**Work to be completed**
Using the listing below, print exactly everything from the line with "- ballet flat (25,202,90,281)" down to the line with "- board game box (293,87,393,142)", both included, and nothing more.

**Extracted records**
※ ※ ※
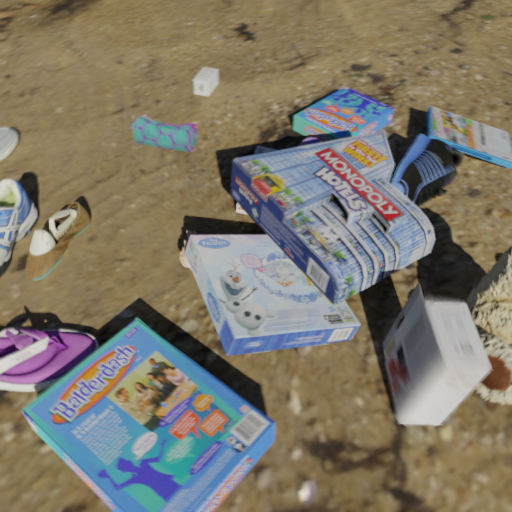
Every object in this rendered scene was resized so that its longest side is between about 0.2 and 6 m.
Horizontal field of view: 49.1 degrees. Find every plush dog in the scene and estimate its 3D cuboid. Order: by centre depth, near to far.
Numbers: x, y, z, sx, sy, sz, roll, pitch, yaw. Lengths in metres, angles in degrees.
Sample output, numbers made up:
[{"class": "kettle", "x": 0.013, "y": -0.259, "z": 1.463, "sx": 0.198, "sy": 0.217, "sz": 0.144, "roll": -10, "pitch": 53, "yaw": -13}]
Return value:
[{"class": "plush dog", "x": 4.542, "y": 1.377, "z": 9.187, "sx": 2.264, "sy": 2.114, "sz": 2.635, "roll": 23, "pitch": 77, "yaw": 3}]

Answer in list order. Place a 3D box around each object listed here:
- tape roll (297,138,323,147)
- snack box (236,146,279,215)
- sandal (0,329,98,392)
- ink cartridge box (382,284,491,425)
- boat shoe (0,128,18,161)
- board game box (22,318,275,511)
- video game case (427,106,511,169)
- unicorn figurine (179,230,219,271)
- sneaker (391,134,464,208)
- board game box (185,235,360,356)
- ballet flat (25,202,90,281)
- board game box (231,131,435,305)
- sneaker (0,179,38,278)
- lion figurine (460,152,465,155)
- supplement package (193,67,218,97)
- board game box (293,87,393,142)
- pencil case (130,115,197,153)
[{"class": "tape roll", "x": 1.302, "y": -2.027, "z": 12.553, "sx": 1.160, "sy": 0.493, "sz": 1.160, "roll": 15, "pitch": 60, "yaw": -29}, {"class": "snack box", "x": 0.176, "y": -1.743, "z": 12.943, "sx": 0.813, "sy": 0.275, "sz": 2.263, "roll": 13, "pitch": 47, "yaw": 3}, {"class": "sandal", "x": -4.190, "y": 1.624, "z": 9.382, "sx": 2.958, "sy": 0.727, "sz": 1.204, "roll": -2, "pitch": 46, "yaw": -2}, {"class": "ink cartridge box", "x": 2.686, "y": 1.528, "z": 8.690, "sx": 0.723, "sy": 1.725, "sz": 1.515, "roll": 5, "pitch": 47, "yaw": -10}, {"class": "boat shoe", "x": -6.664, "y": -2.591, "z": 13.454, "sx": 0.776, "sy": 0.793, "sz": 2.226, "roll": 20, "pitch": 49, "yaw": 18}, {"class": "board game box", "x": -1.606, "y": 2.576, "z": 8.474, "sx": 3.058, "sy": 0.688, "sz": 2.326, "roll": 32, "pitch": 53, "yaw": 27}, {"class": "video game case", "x": 5.267, "y": -2.956, "z": 13.864, "sx": 2.137, "sy": 0.190, "sz": 1.529, "roll": 19, "pitch": 45, "yaw": 0}, {"class": "unicorn figurine", "x": -0.665, "y": 0.258, "z": 10.757, "sx": 1.775, "sy": 0.656, "sz": 1.219, "roll": 19, "pitch": 57, "yaw": 3}, {"class": "sneaker", "x": 3.707, "y": -1.656, "z": 12.384, "sx": 1.150, "sy": 1.035, "sz": 2.951, "roll": 25, "pitch": 54, "yaw": 16}, {"class": "board game box", "x": 0.239, "y": 0.579, "z": 10.053, "sx": 2.455, "sy": 0.533, "sz": 2.443, "roll": -1, "pitch": 44, "yaw": -28}, {"class": "ballet flat", "x": -4.086, "y": -0.404, "z": 11.364, "sx": 0.671, "sy": 0.716, "sz": 1.979, "roll": 13, "pitch": 47, "yaw": 22}, {"class": "board game box", "x": 1.789, "y": -1.117, "z": 10.908, "sx": 3.324, "sy": 1.026, "sz": 3.326, "roll": -26, "pitch": 56, "yaw": -25}, {"class": "sneaker", "x": -5.354, "y": -0.425, "z": 11.162, "sx": 1.040, "sy": 1.058, "sz": 2.746, "roll": 6, "pitch": 47, "yaw": 4}, {"class": "lion figurine", "x": 4.877, "y": -2.703, "z": 13.913, "sx": 0.631, "sy": 0.373, "sz": 1.030, "roll": -12, "pitch": 57, "yaw": -44}, {"class": "supplement package", "x": -1.435, "y": -4.988, "z": 16.029, "sx": 0.462, "sy": 0.460, "sz": 0.787, "roll": 14, "pitch": 47, "yaw": 13}, {"class": "board game box", "x": 2.279, "y": -3.576, "z": 14.632, "sx": 1.633, "sy": 0.483, "sz": 2.148, "roll": 35, "pitch": 55, "yaw": 29}, {"class": "pencil case", "x": -2.271, "y": -3.042, "z": 13.941, "sx": 1.587, "sy": 0.733, "sz": 0.675, "roll": 12, "pitch": 15, "yaw": 9}]
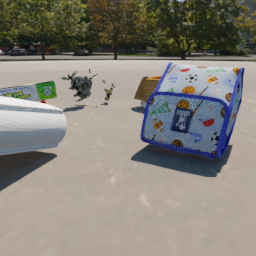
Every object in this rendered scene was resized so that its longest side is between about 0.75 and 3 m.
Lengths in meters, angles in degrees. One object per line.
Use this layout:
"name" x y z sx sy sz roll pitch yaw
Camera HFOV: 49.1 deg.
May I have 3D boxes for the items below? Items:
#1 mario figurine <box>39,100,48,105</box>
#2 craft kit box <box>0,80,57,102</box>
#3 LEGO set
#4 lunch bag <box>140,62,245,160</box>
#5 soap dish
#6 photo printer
※ ※ ※
**Exercise result**
- ballet flat (25,202,90,281)
- board game box (231,131,435,305)
- sneaker (0,179,38,278)
- lion figurine (460,152,465,155)
- supplement package (193,67,218,97)
- board game box (293,87,393,142)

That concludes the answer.